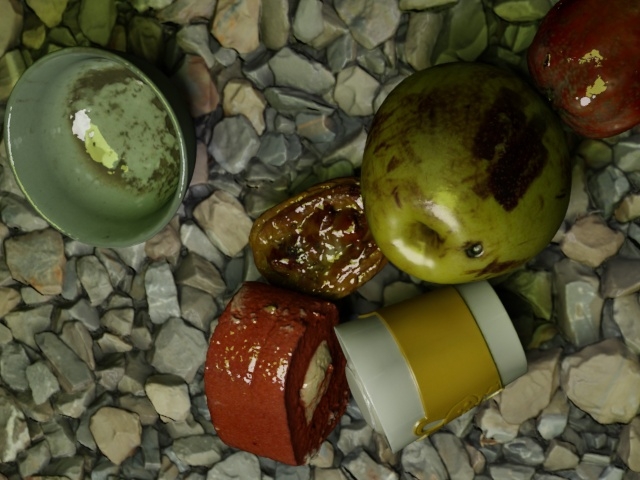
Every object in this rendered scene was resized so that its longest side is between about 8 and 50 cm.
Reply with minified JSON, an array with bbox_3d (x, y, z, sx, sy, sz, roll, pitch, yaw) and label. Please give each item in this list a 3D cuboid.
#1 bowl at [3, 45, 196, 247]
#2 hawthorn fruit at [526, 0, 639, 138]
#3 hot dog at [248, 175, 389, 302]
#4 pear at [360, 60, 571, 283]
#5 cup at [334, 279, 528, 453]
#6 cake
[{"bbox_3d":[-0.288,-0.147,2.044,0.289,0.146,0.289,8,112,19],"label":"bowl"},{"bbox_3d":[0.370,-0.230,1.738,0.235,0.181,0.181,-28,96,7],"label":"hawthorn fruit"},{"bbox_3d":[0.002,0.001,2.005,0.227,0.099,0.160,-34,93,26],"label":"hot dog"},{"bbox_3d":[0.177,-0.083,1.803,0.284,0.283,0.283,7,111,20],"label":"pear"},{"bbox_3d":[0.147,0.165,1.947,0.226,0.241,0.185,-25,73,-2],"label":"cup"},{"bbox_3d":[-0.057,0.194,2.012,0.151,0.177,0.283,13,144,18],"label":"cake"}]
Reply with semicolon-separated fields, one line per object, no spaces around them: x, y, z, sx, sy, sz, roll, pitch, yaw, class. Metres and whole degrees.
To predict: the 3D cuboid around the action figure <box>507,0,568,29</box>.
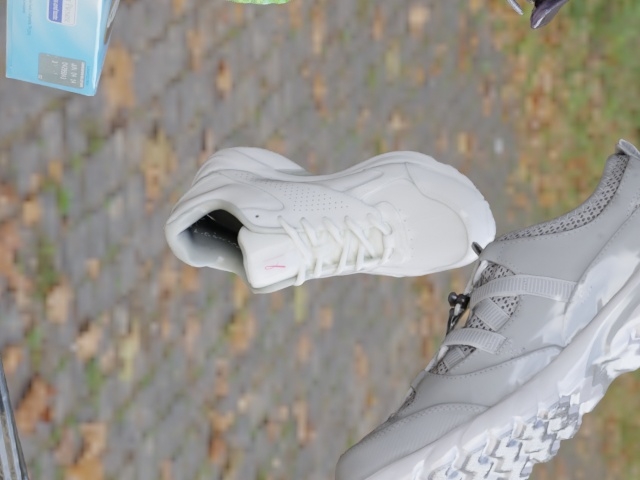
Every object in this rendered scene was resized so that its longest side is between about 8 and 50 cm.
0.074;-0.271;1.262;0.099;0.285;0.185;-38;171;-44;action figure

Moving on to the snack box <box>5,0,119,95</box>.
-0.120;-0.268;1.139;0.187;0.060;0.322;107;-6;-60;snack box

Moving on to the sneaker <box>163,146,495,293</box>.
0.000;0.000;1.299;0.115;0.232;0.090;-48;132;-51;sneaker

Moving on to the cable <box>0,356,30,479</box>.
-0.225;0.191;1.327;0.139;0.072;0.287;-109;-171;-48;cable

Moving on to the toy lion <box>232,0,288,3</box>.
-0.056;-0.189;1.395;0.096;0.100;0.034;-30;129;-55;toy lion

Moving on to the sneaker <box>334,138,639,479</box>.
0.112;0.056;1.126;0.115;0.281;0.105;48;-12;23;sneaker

==

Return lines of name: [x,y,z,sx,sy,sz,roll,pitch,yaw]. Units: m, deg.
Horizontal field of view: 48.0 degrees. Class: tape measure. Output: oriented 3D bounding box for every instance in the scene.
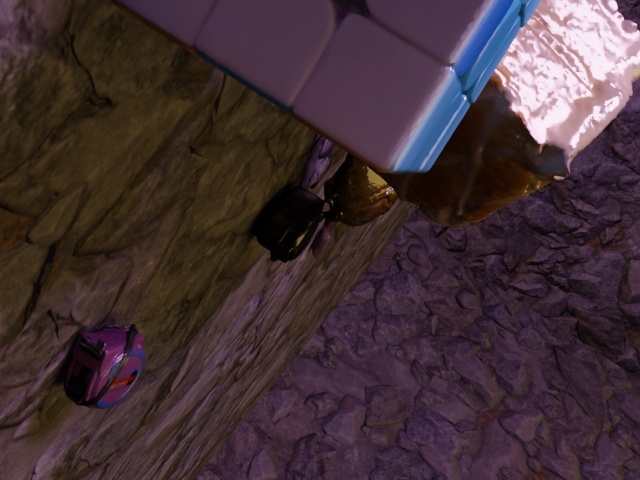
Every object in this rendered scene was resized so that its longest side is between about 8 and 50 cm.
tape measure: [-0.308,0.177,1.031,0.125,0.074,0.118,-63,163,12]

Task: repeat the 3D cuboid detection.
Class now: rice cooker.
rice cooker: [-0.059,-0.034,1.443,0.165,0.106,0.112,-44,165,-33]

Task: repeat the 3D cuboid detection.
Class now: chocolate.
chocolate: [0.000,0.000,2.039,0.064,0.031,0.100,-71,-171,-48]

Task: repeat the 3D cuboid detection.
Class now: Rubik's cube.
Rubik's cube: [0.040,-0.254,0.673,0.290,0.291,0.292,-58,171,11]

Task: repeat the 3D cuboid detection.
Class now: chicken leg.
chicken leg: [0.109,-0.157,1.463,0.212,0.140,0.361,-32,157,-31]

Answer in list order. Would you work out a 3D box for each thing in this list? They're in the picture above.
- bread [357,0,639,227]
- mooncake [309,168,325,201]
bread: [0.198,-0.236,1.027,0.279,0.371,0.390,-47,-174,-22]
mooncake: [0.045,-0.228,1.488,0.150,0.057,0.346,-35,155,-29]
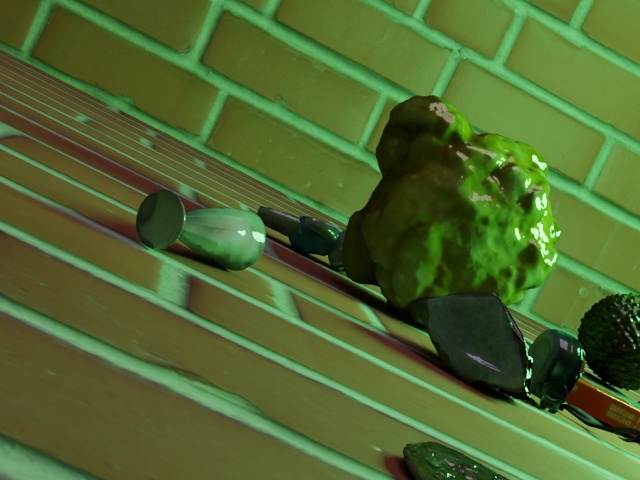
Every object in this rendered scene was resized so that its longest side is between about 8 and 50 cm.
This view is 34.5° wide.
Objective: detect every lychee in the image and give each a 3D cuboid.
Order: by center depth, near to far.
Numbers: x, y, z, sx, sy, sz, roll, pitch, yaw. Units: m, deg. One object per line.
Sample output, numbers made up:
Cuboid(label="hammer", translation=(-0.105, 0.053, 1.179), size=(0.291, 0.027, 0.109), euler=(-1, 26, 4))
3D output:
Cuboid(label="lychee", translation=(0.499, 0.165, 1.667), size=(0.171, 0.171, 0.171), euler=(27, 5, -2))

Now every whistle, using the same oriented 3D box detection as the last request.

Activity = Count the lines of the entries above that contain the word "degrees" and give only the number.

Task solution = 2